Avoiding a Second Nakba
At the heart of the Arab states’ reluctance lies their keen sense of the catastrophic historical implications of the devastating Israeli campaign’s criminal expansion in Gaza. Pressuring Palestinians in Gaza to leave, by starvation or bombing, would compound the trauma of displacement and erase their future homeland. It risks replicating the catastrophe of 1948.

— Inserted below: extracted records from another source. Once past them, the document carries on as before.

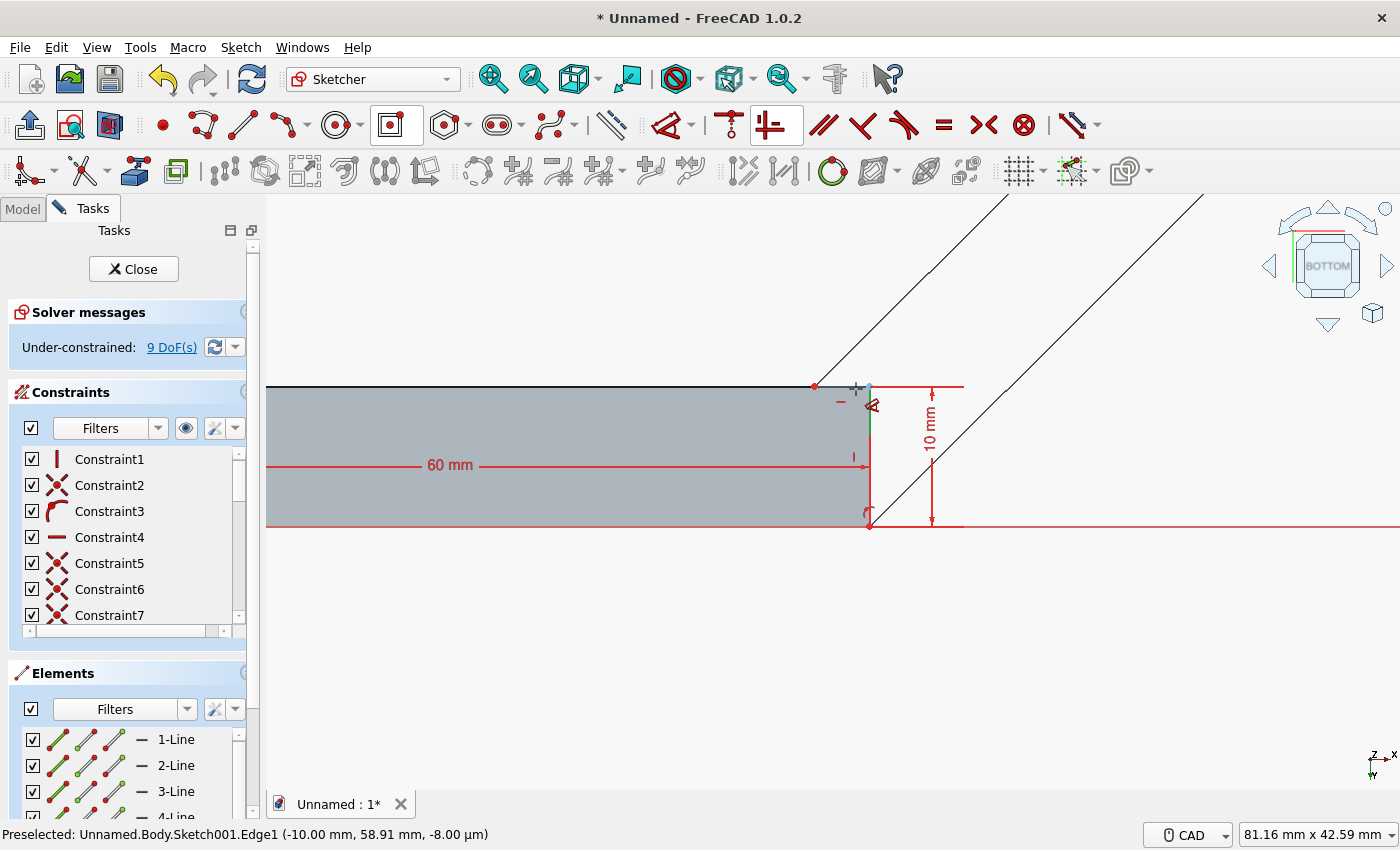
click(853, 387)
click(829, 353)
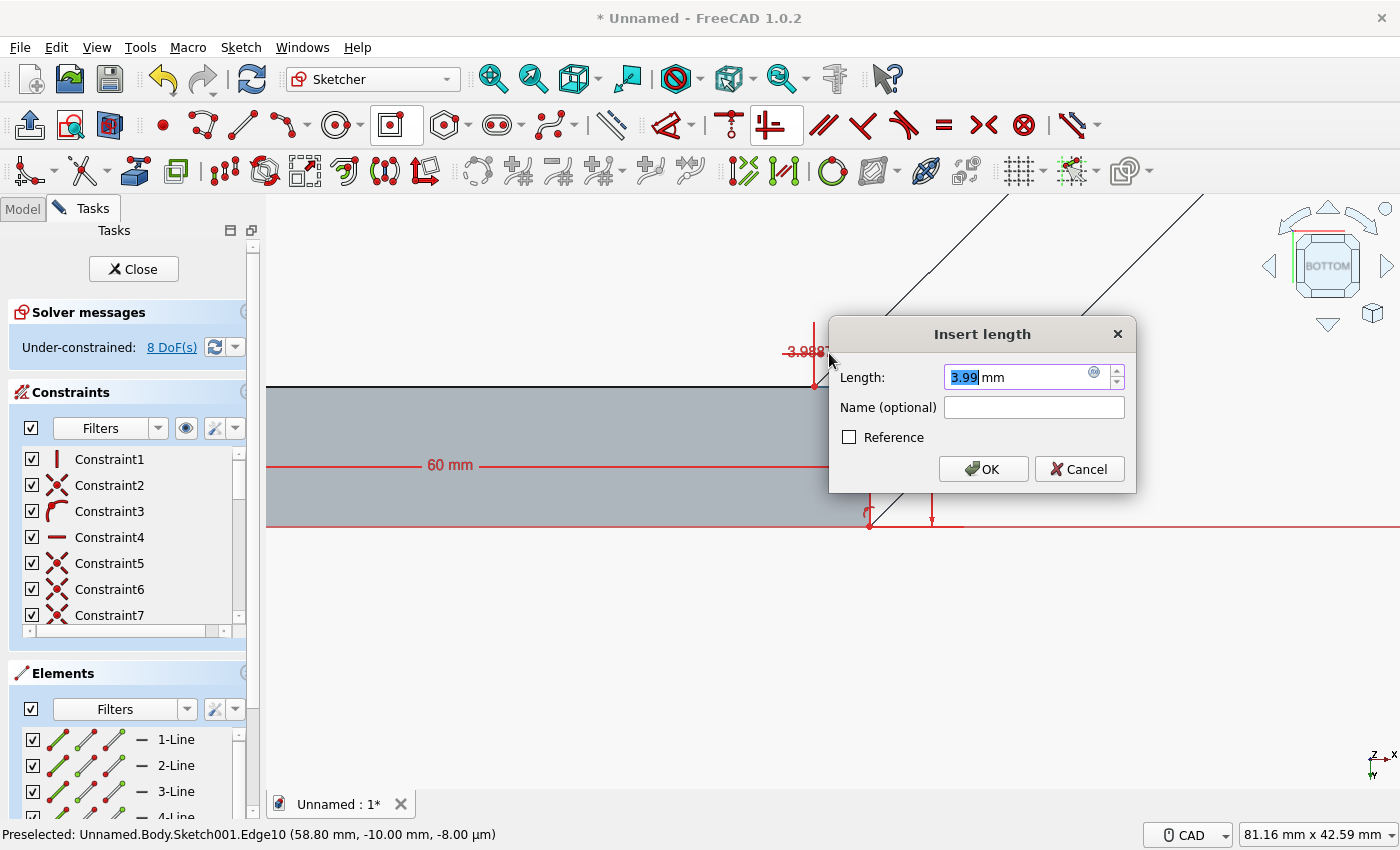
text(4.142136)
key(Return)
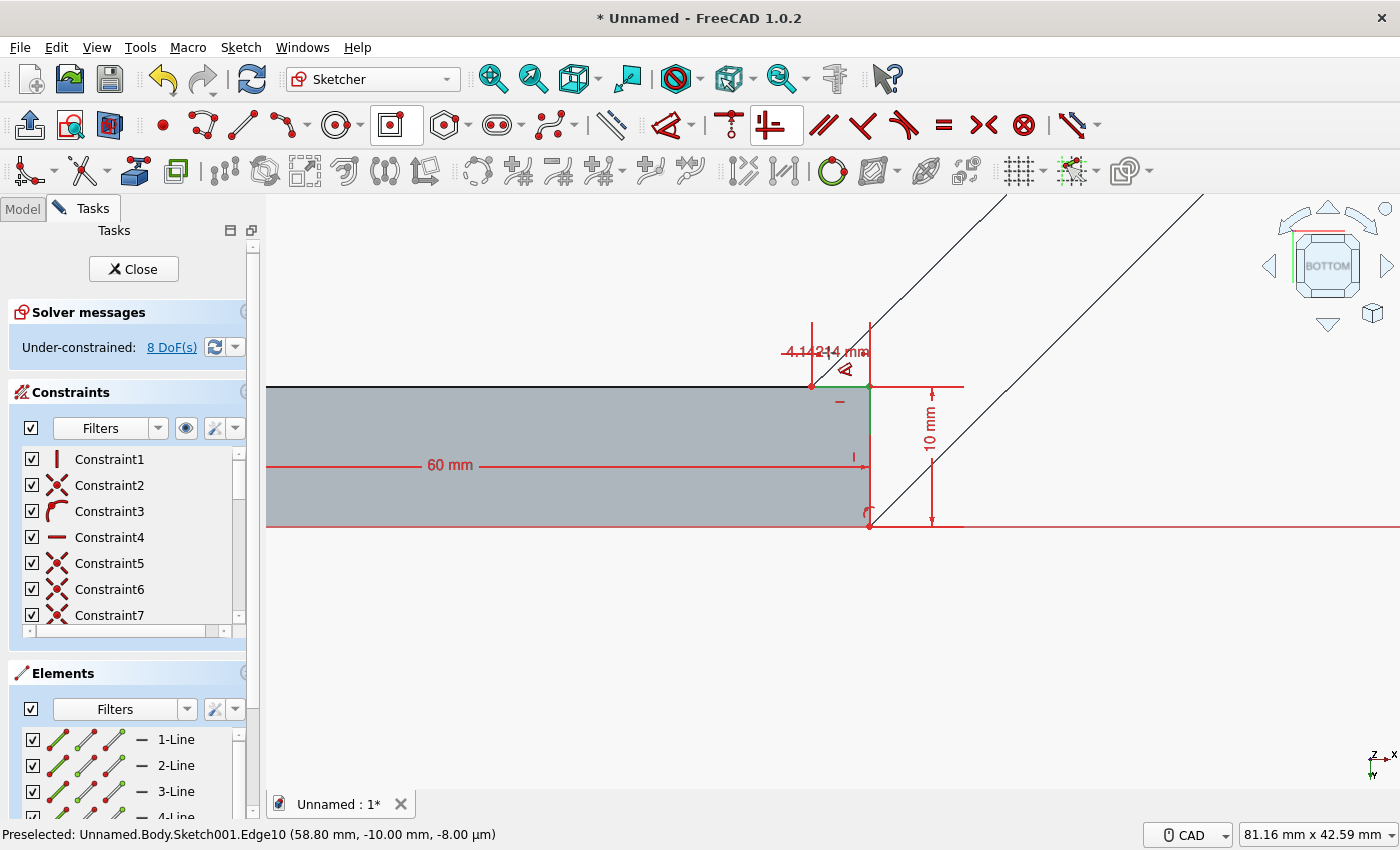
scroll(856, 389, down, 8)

Preserving National Stability
No Arab ruler would invite instability by hosting Gaza’s population, including possible Hamas militants, poses serious security risks. Historically, Arab governments have taken similar measures: In 1970, Jordan’s King Hussein expelled Yasser Arafat and the PLO following violent insurrections known as Black September, when the PLO became a “state within a state,” disregarding Jordanian sovereignty. This conflict resulted in thousands of casualties and the PLO’s exile to Lebanon.
Starvation as Coercion
The strategy appears well-thought-out: the need to escape increases as circumstances deteriorate and civilian survival becomes more precarious. The pressure for “voluntary repatriation,” even under duress, increases with the number of Palestinians still living in Gaza. Amnesty International has described this as “a broader effort to inflict genocide,” with severe consequences for children who suffer from malnutrition and avoidable death.
Regional Implications
Netanyahu is effectively shifting the moral and political burden onto Arab neighbors through a cruel calculus, starvation, displacement, and coercion, not sovereignty.
In essence, no Arab regime is willing to risk national stability by hosting a displaced, potentially volatile population.
Gaza’s fate cannot be externalized under duress. Israel’s framing of the Palestinian crisis as a regional burden is a political maneuver lacking both moral and strategic legitimacy.